Given entries Block Start
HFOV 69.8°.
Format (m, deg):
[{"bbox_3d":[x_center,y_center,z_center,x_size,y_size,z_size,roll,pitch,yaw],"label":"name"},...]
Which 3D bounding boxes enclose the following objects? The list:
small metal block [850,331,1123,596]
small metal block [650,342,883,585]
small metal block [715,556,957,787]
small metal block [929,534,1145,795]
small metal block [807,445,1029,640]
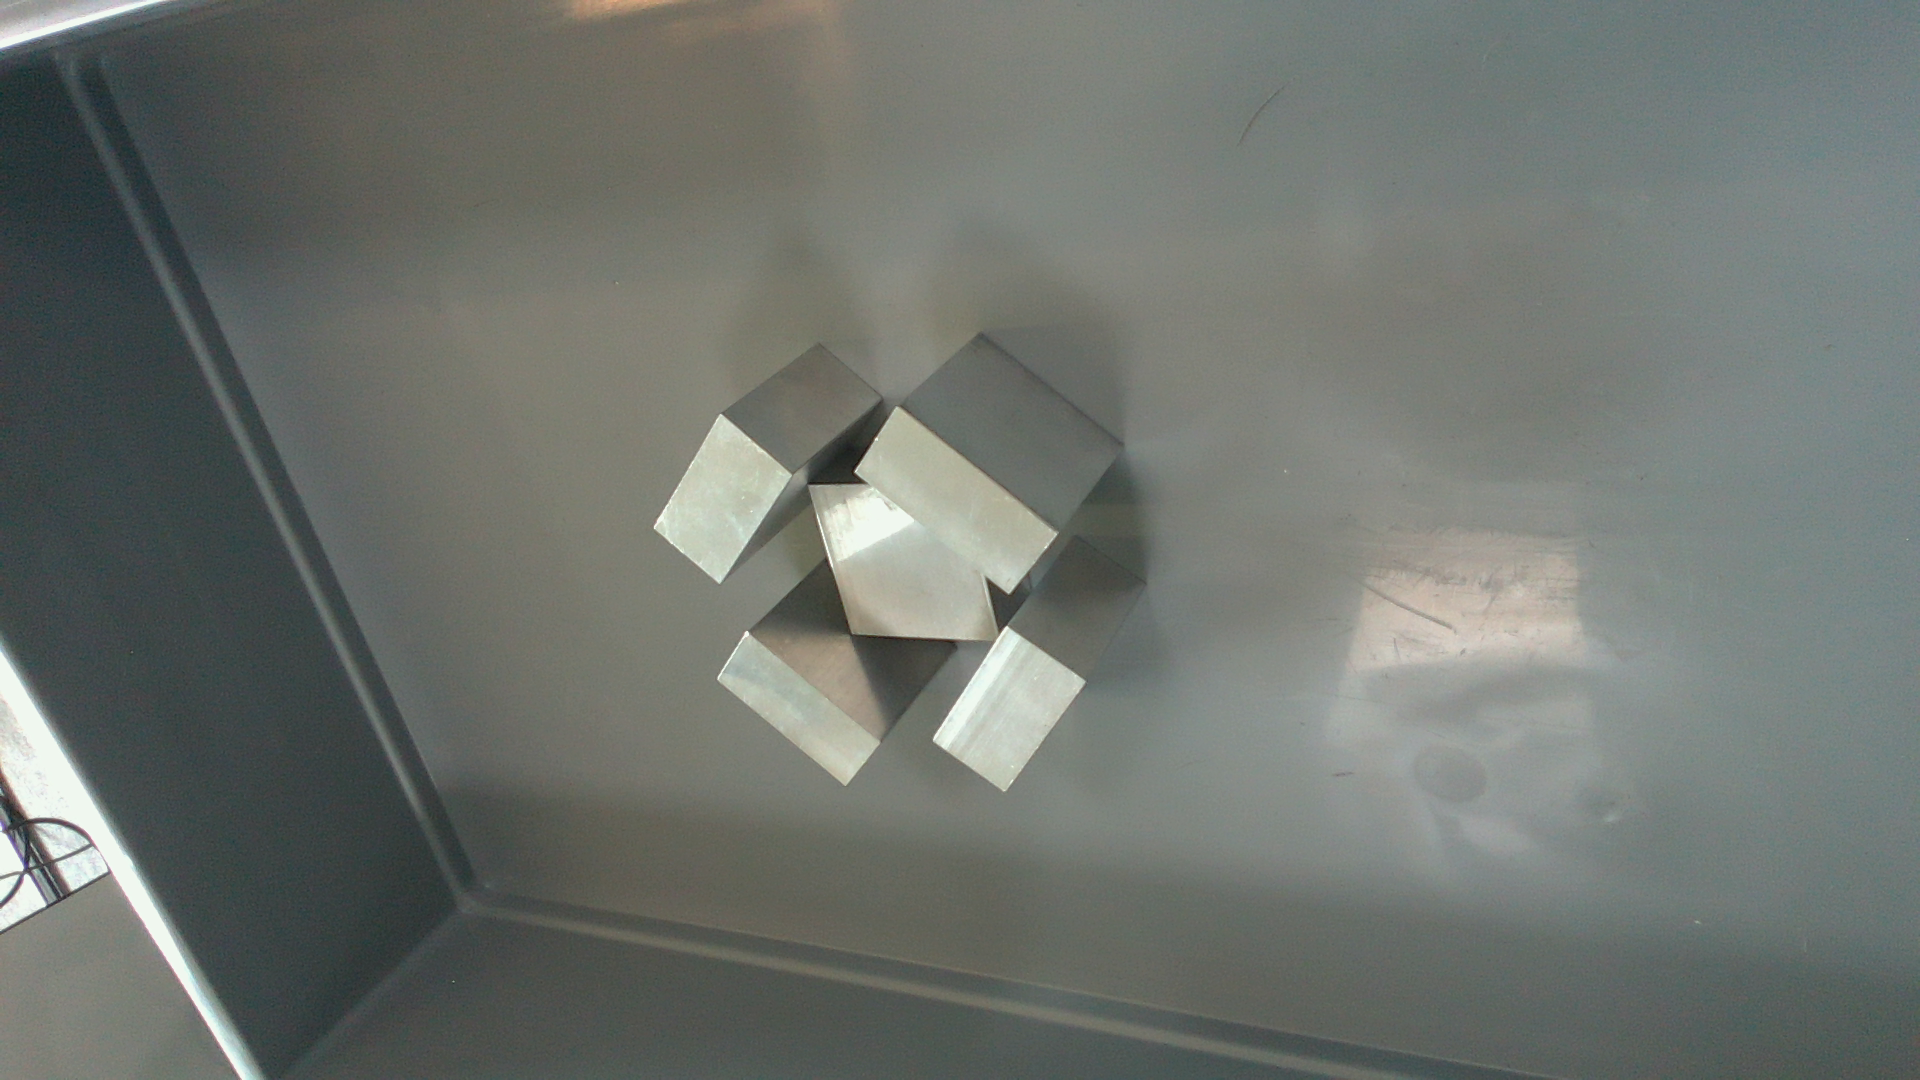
[{"bbox_3d":[0.008,-0.021,0.357,0.050,0.050,0.025,38,128,1],"label":"small metal block"},{"bbox_3d":[-0.055,-0.022,0.390,0.025,0.050,0.050,41,130,1],"label":"small metal block"},{"bbox_3d":[-0.037,0.038,0.418,0.050,0.050,0.025,39,130,2],"label":"small metal block"},{"bbox_3d":[0.022,0.034,0.384,0.025,0.050,0.050,34,128,5],"label":"small metal block"},{"bbox_3d":[-0.011,0.000,0.397,0.050,0.025,0.050,1,119,28],"label":"small metal block"}]
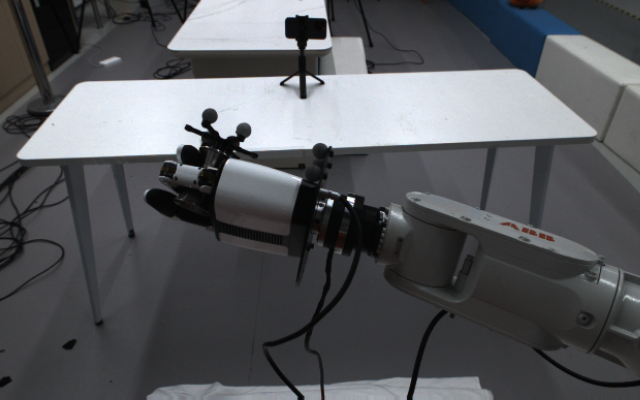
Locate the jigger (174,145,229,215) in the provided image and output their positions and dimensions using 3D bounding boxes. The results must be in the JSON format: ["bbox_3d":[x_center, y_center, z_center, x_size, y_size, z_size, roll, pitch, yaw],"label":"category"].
[{"bbox_3d":[-0.129,-0.023,0.542,0.043,0.043,0.071,15,70,18],"label":"jigger"}]
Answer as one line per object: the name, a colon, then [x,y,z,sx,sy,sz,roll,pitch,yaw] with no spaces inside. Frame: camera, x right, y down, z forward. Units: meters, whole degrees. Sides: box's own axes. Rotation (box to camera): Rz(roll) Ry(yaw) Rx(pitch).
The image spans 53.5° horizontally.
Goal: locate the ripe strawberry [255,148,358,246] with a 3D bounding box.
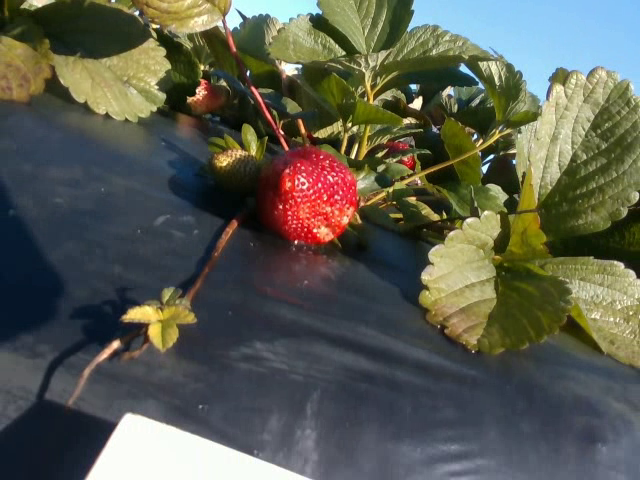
ripe strawberry: [-0.006,-0.016,0.215,0.041,0.043,0.053,32,-1,6]
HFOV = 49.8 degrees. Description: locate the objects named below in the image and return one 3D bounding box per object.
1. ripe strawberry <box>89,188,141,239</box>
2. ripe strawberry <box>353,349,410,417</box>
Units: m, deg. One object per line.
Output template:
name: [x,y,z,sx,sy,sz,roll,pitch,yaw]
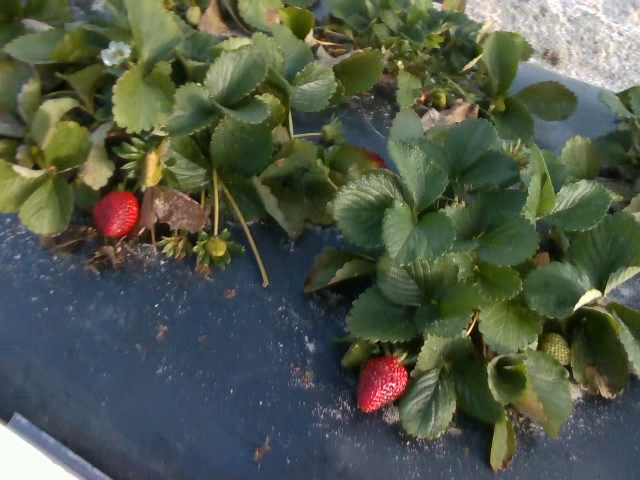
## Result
ripe strawberry: [-0.118,-0.013,0.383,0.031,0.026,0.030,-7,42,-2]
ripe strawberry: [0.028,0.074,0.338,0.029,0.036,0.021,26,-32,20]
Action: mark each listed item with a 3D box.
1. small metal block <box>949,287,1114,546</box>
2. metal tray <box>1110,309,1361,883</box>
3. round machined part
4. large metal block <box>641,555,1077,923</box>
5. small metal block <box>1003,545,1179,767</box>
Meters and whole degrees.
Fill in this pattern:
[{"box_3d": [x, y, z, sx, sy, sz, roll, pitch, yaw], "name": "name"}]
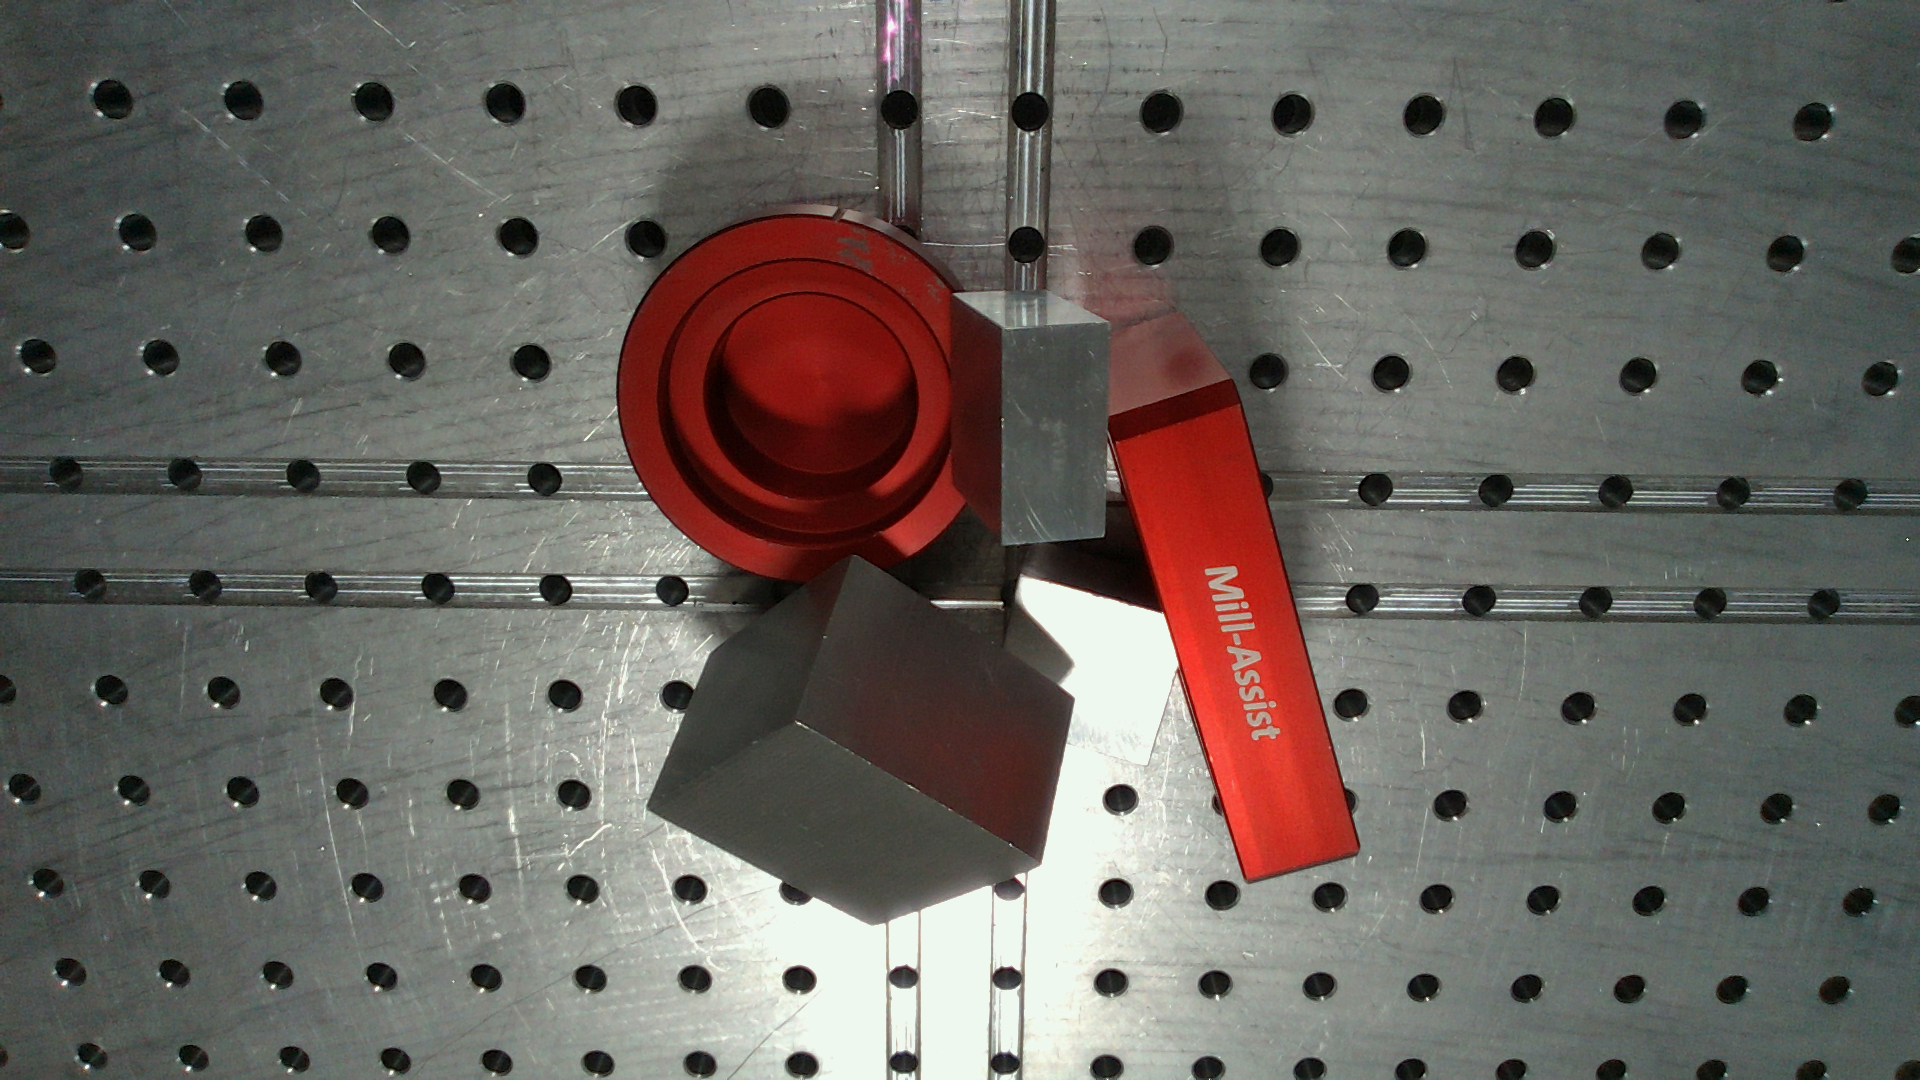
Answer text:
[{"box_3d": [0.016, -0.031, 0.328, 0.025, 0.050, 0.050, -5, 109, -13], "name": "small metal block"}, {"box_3d": [0.068, 0.012, 0.367, 0.030, 0.090, 0.130, -17, 109, 6], "name": "metal tray"}, {"box_3d": [-0.040, -0.041, 0.372, 0.098, 0.042, 0.098, 0, 110, 0], "name": "round machined part"}, {"box_3d": [-0.027, 0.059, 0.381, 0.080, 0.050, 0.080, 34, 139, -23], "name": "large metal block"}, {"box_3d": [0.039, 0.033, 0.403, 0.050, 0.025, 0.050, 15, 114, 6], "name": "small metal block"}]
Given entries Block End
• Action item:
Would you output the listing above verbatim, without its pictures?

• Output for this exercise:
HFOV 69.8°.
Format (m, deg):
[{"bbox_3d":[x_center,y_center,z_center,x_size,y_size,z_size,roll,pitch,yaw],"label":"name"},...]
Which 3D bounding boxes enclose the following objects? The list:
small metal block [850,331,1123,596]
small metal block [650,342,883,585]
small metal block [715,556,957,787]
small metal block [929,534,1145,795]
small metal block [807,445,1029,640]
[{"bbox_3d":[0.008,-0.021,0.357,0.050,0.050,0.025,38,128,1],"label":"small metal block"},{"bbox_3d":[-0.055,-0.022,0.390,0.025,0.050,0.050,41,130,1],"label":"small metal block"},{"bbox_3d":[-0.037,0.038,0.418,0.050,0.050,0.025,39,130,2],"label":"small metal block"},{"bbox_3d":[0.022,0.034,0.384,0.025,0.050,0.050,34,128,5],"label":"small metal block"},{"bbox_3d":[-0.011,0.000,0.397,0.050,0.025,0.050,1,119,28],"label":"small metal block"}]
Locate the jigger (174,145,229,215) in the provided image and output their positions and dimensions using 3D bounding boxes. The results must be in the JSON format: ["bbox_3d":[x_center, y_center, z_center, x_size, y_size, z_size, roll, pitch, yaw],"label":"category"].
[{"bbox_3d":[-0.129,-0.023,0.542,0.043,0.043,0.071,15,70,18],"label":"jigger"}]
Answer as one line per object: the name, a colon, then [x,y,z,sx,sy,sz,roll,pitch,yaw] with no spaces inside. Frame: camera, x right, y down, z forward. Units: meters, whole degrees. Sides: box's own axes. Rotation (box to camera): Rz(roll) Ry(yaw) Rx(pitch).
The image spans 53.5° horizontally.
Goal: locate the ripe strawberry [255,148,358,246] with a 3D bounding box.
ripe strawberry: [-0.006,-0.016,0.215,0.041,0.043,0.053,32,-1,6]
HFOV = 49.8 degrees. Description: locate the objects named below in the image and return one 3D bounding box per object.
1. ripe strawberry <box>89,188,141,239</box>
2. ripe strawberry <box>353,349,410,417</box>
Units: m, deg. One object per line.
Output template:
name: [x,y,z,sx,sy,sz,roll,pitch,yaw]
## Result
ripe strawberry: [-0.118,-0.013,0.383,0.031,0.026,0.030,-7,42,-2]
ripe strawberry: [0.028,0.074,0.338,0.029,0.036,0.021,26,-32,20]
Action: mark each listed item with a 3D box.
1. small metal block <box>949,287,1114,546</box>
2. metal tray <box>1110,309,1361,883</box>
3. round machined part
4. large metal block <box>641,555,1077,923</box>
5. small metal block <box>1003,545,1179,767</box>
Meters and whole degrees.
Fill in this pattern:
[{"box_3d": [x, y, z, sx, sy, sz, roll, pitch, yaw], "name": "name"}]
Answer text:
[{"box_3d": [0.016, -0.031, 0.328, 0.025, 0.050, 0.050, -5, 109, -13], "name": "small metal block"}, {"box_3d": [0.068, 0.012, 0.367, 0.030, 0.090, 0.130, -17, 109, 6], "name": "metal tray"}, {"box_3d": [-0.040, -0.041, 0.372, 0.098, 0.042, 0.098, 0, 110, 0], "name": "round machined part"}, {"box_3d": [-0.027, 0.059, 0.381, 0.080, 0.050, 0.080, 34, 139, -23], "name": "large metal block"}, {"box_3d": [0.039, 0.033, 0.403, 0.050, 0.025, 0.050, 15, 114, 6], "name": "small metal block"}]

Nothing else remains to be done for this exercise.